▶ **Work task**:
Exactly the lines below from the one with "Answer: Improved patient" up to and including the one with "Answer: Administering respiratory" make up the answer, with nothing else added.

▶ **Supplied material**:
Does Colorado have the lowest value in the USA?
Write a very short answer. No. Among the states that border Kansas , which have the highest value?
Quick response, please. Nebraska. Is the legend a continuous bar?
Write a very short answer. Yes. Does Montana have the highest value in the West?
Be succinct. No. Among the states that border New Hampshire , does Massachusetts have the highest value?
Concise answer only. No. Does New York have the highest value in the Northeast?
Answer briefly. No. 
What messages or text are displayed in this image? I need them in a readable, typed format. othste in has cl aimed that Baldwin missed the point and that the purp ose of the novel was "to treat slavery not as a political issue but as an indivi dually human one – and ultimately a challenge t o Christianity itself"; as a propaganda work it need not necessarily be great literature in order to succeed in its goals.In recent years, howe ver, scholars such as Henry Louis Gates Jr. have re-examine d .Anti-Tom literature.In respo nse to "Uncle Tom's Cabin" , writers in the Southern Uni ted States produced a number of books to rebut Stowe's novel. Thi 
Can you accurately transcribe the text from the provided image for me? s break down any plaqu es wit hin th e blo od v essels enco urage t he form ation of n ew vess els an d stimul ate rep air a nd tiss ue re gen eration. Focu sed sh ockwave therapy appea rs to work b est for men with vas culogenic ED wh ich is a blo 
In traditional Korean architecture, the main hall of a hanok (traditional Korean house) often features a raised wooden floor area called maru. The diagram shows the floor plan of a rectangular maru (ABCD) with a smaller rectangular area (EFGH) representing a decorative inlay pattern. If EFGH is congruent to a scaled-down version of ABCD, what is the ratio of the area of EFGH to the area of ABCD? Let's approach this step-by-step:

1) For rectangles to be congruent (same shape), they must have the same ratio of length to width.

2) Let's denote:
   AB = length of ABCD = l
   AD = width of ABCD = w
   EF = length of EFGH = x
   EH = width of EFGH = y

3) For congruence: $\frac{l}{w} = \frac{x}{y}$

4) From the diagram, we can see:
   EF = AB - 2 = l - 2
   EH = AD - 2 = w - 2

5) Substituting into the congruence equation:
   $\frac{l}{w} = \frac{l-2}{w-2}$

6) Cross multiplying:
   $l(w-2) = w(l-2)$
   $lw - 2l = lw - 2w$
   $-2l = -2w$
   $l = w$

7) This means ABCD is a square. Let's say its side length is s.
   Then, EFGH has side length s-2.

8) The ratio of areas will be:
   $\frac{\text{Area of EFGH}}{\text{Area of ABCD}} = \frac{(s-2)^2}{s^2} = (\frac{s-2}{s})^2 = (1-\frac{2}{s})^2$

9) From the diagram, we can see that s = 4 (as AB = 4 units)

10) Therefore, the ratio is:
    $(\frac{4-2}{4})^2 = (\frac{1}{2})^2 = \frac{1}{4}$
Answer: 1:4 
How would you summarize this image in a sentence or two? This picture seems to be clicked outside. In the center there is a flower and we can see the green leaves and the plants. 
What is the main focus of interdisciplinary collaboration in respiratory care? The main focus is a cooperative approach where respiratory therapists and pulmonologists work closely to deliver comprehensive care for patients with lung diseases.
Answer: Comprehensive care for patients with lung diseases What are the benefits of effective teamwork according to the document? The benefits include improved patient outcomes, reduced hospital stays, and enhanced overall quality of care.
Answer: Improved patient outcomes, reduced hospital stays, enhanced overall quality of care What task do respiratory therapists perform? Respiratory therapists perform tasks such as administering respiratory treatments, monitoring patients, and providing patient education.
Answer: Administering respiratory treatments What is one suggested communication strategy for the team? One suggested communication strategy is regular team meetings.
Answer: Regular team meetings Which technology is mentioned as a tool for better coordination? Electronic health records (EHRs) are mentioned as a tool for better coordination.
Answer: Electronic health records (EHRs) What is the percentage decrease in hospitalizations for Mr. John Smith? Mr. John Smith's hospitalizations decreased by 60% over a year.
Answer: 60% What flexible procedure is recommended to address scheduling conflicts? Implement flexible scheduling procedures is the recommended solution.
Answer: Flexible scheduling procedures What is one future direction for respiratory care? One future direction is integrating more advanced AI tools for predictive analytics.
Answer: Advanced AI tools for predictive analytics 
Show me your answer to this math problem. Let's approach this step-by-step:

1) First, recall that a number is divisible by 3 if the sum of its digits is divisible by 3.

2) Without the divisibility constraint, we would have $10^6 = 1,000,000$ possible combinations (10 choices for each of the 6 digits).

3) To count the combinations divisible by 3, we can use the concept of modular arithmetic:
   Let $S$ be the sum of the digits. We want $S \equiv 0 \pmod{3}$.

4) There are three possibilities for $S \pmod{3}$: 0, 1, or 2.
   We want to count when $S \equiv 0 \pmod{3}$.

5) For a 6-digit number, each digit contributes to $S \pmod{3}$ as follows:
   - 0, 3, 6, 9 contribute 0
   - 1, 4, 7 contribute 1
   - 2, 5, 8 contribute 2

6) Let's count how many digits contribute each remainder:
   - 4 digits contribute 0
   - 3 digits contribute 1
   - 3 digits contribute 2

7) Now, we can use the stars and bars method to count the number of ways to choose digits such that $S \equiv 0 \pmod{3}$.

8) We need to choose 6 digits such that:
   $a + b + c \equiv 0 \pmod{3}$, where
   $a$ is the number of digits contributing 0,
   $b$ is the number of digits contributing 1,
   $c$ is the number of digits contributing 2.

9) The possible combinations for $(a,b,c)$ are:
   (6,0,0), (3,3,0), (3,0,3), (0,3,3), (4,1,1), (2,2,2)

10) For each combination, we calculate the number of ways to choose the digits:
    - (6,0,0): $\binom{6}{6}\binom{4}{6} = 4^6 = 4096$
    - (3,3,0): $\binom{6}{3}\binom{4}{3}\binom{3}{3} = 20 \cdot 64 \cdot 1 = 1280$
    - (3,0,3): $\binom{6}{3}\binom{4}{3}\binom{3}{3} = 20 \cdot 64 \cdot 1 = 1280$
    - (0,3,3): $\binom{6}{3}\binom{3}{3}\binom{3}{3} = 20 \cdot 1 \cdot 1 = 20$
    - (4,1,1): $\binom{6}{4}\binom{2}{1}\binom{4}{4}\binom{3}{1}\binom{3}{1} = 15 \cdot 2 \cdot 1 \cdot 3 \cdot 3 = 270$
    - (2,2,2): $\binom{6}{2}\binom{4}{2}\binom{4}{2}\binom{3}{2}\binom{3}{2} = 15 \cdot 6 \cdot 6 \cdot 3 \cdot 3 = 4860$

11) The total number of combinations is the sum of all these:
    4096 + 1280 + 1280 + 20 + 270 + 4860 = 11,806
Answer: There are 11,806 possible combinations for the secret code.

▶ **Answer box**:
Answer: Improved patient outcomes, reduced hospital stays, enhanced overall quality of care What task do respiratory therapists perform? Respiratory therapists perform tasks such as administering respiratory treatments, monitoring patients, and providing patient education.
Answer: Administering respiratory treatments What is one suggested communication strategy for the team? One suggested communication strategy is regular team meetings.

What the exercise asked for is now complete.